Hi, Thought I would show you one of my jigs. I use alot of short, narrow and thin pieces of stock. Since I don’t have a planer or jointer these types of jigs allow me to cut my stock to thickness. The sacrificial wooden wedges hold the stock in place and I lock the router in place on the slide board with quick close clamps. I then set the depth and cut to size. Have longer ones for longer stock. Don’t grumble about what you don’t have, make do with what you do have. Thanks for looking.


-- Donnie-- listen to the wood.

13 comments so far

View Jim Crockett (USN Retired)'s profile

Jim Crockett (USN Retired)

852 posts in 5185 days

#1 posted 03-11-2010 05:13 AM

I have been wanting to build one of these jigs, for I’m in the same position as you – use a lot of other than 4/4 or larger stock, no jointer, no planer, and no room for them even if I could afford them. Do you find that the two clamps sufficiently hold the router down to the slider? Also, do you have any problems with reach of the router bit to the board you are working on? Your side walls look fairly tall and I’d be somewhat concerned that if I wanted to finish with 1/4” stock, the bit might not reach.

Nice jig – now you’ve got me eager to make one for myself.


-- A veteran is someone who, at one point in his/her life, wrote a blank check made payable to "The United States of America," for an amount of "up to and including his/her life".

View woodworm's profile


14477 posts in 5043 days

#2 posted 03-11-2010 05:19 AM

Nice work on the jig – I do have a thicknesser planer, but still using this type of sled. Short stocks usually difficult to control (in fact is dangerous) to run through thicknesser planer.

-- masrol, kuala lumpur, MY.

View donjoe's profile


1360 posts in 4483 days

#3 posted 03-11-2010 05:21 AM

Hi Jim, I use a clamp on the end to keep the jig in place. If the stock is 12” or longer I use the same clamp to hold the stock down also. As for the height I have a board that will fit right into the bottom of the jig 3/4” thick for the really thin stock. You are right, you can only set the router bit so deep.

-- Donnie-- listen to the wood.

View a1Jim's profile


118322 posts in 5029 days

#4 posted 03-11-2010 05:28 AM

View frugalwoodworker's profile


4 posts in 4460 days

#5 posted 03-11-2010 05:53 AM

Here is a little different version thats works on the same principal. I too use short peices of wood to make novelty items, and I needed a way to plane them down. I made mine out of two peices of angle iron, tempered hardboard, and 3/4 inch boards. The way mine works, is the router slides inside of the angle irons, and the height is acquired by raising the jig up off of the work bench to smooth out a board. A 1 inch mortising bit works real good because it takes off a fair amount of wood with each pass. Another little bit of advice is to go with the grain and not across it. The jig is 24inches long and the width will be whatever your router base measures. I also wipe down all the sliding surfaces with paste wax for smoother operation. Be sure to fasten down the board your planeing. Will be happy to answer any questions.

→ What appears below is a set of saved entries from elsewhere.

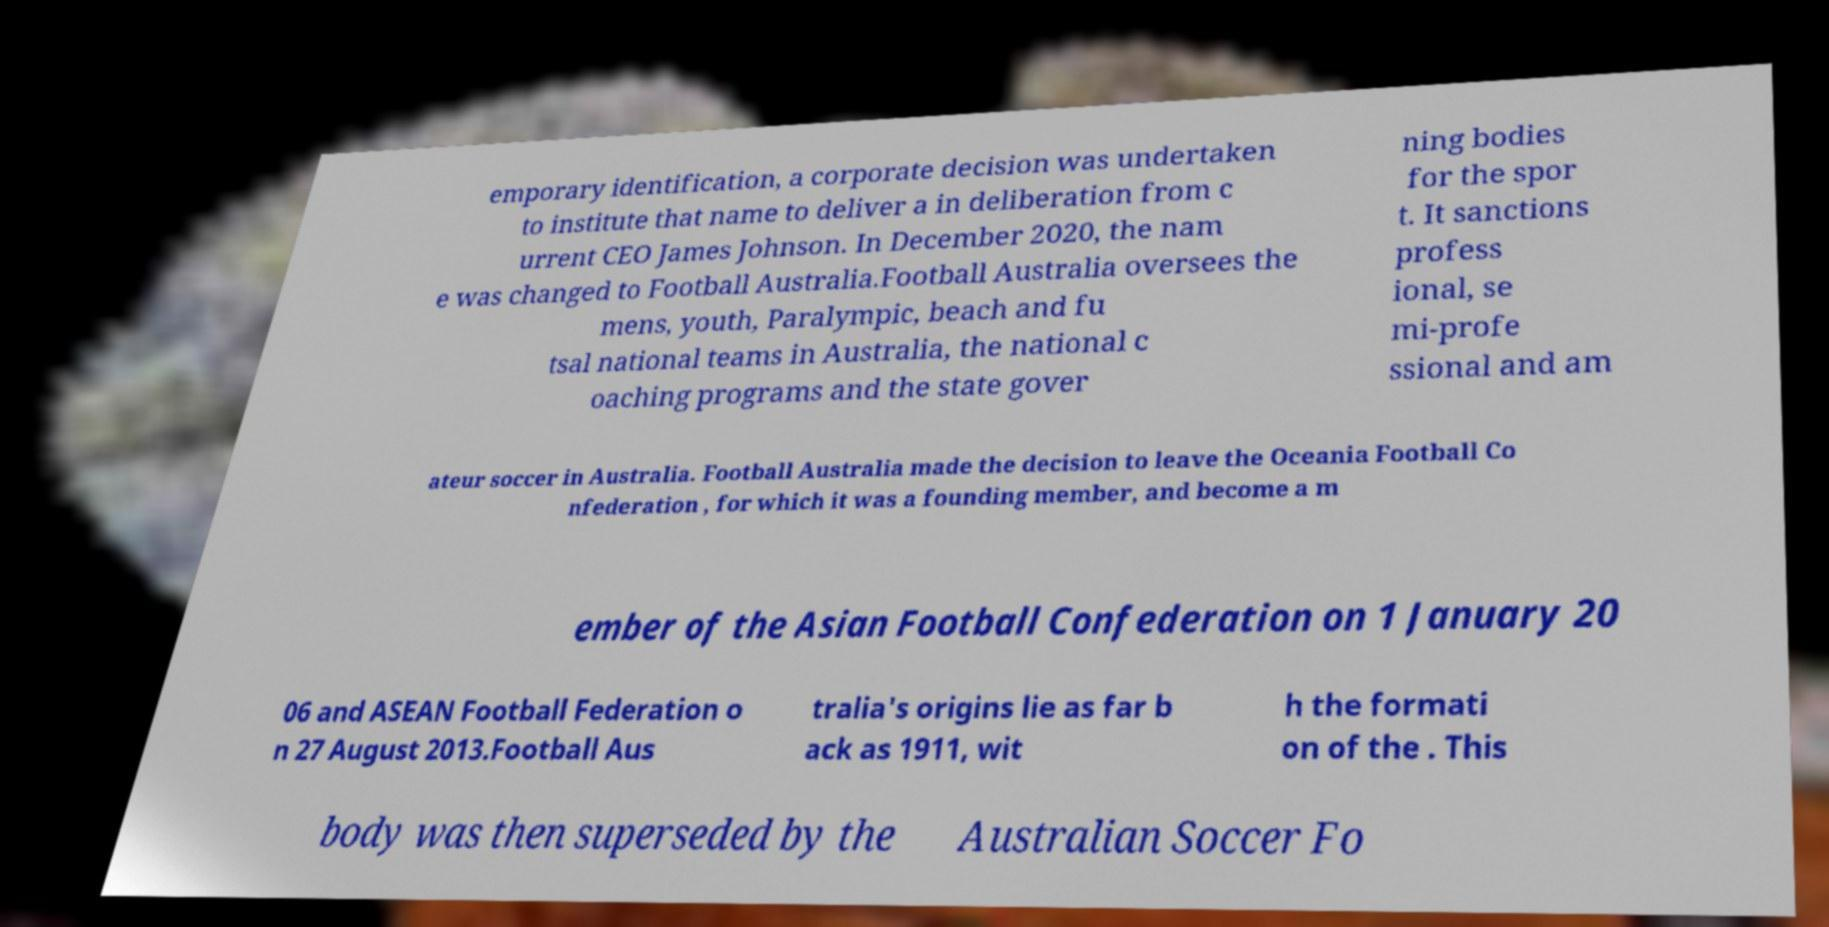Can you read and provide the text displayed in the image?This photo seems to have some interesting text. Can you extract and type it out for me? emporary identification, a corporate decision was undertaken to institute that name to deliver a in deliberation from c urrent CEO James Johnson. In December 2020, the nam e was changed to Football Australia.Football Australia oversees the mens, youth, Paralympic, beach and fu tsal national teams in Australia, the national c oaching programs and the state gover ning bodies for the spor t. It sanctions profess ional, se mi-profe ssional and am ateur soccer in Australia. Football Australia made the decision to leave the Oceania Football Co nfederation , for which it was a founding member, and become a m ember of the Asian Football Confederation on 1 January 20 06 and ASEAN Football Federation o n 27 August 2013.Football Aus tralia's origins lie as far b ack as 1911, wit h the formati on of the . This body was then superseded by the Australian Soccer Fo 
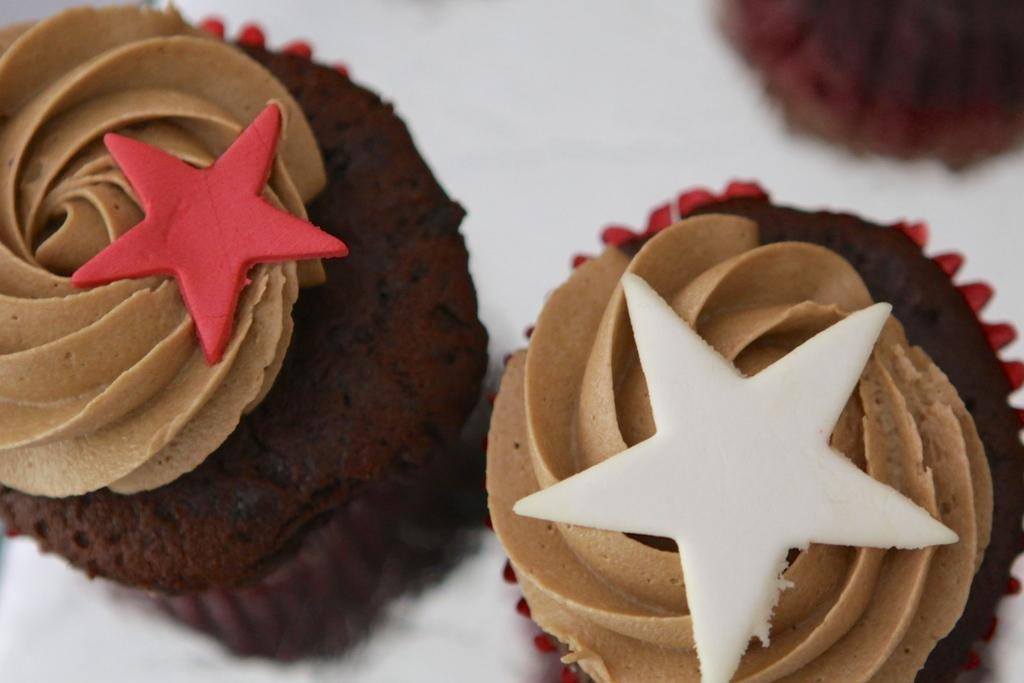What type of dessert can be seen on the white surface in the image? There are cupcakes on a white surface in the image. What is the appearance of the cupcakes? The cupcakes have cream on them. Can you describe the design of the cream on the cupcakes? The cream on the cupcakes has a star shape. Are there any snails crawling on the cupcakes in the image? No, there are no snails present in the image. What type of party is being depicted in the image? The image does not depict a party; it only shows cupcakes with star-shaped cream on a white surface. 
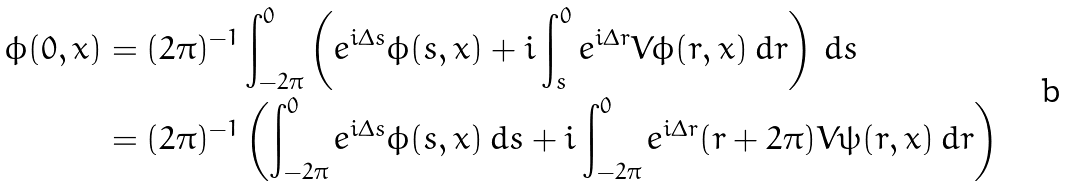Convert formula to latex. <formula><loc_0><loc_0><loc_500><loc_500>\phi ( 0 , x ) & = ( 2 \pi ) ^ { - 1 } \int _ { - 2 \pi } ^ { 0 } \left ( e ^ { i \Delta s } \phi ( s , x ) + i \int _ { s } ^ { 0 } e ^ { i \Delta r } V \phi ( r , x ) \, d r \right ) \, d s \\ & = ( 2 \pi ) ^ { - 1 } \left ( \int _ { - 2 \pi } ^ { 0 } e ^ { i \Delta s } \phi ( s , x ) \, d s + i \int _ { - 2 \pi } ^ { 0 } e ^ { i \Delta r } ( r + 2 \pi ) V \psi ( r , x ) \, d r \right )</formula>

-- Richard O.,northwest Mo,

View frugalwoodworker's profile


4 posts in 4460 days

#6 posted 03-11-2010 06:03 AM

I am kinda new to this, and would like to post a picture. Could someone tell me what they mean when they ask for url address?

-- Richard O.,northwest Mo,

View donjoe's profile


1360 posts in 4483 days

#7 posted 03-11-2010 06:07 AM

If you have your own website that is the place to list it.

-- Donnie-- listen to the wood.

View johnnymo's profile


309 posts in 4658 days

#8 posted 03-11-2010 06:11 AM


-- John in Arizona (but it's a dry heat!)

View docholladay's profile


1287 posts in 4511 days

#9 posted 03-11-2010 06:59 AM

I am very glad that you posted your jig. I have been planning to build one of these, but had not figured out a method to secure the stock. The wedge blocks are the perfect solution. I will have to make my jig a little bit longer for boards up to 3ft in length, but otherwise this is just what I need. Thanks for posting.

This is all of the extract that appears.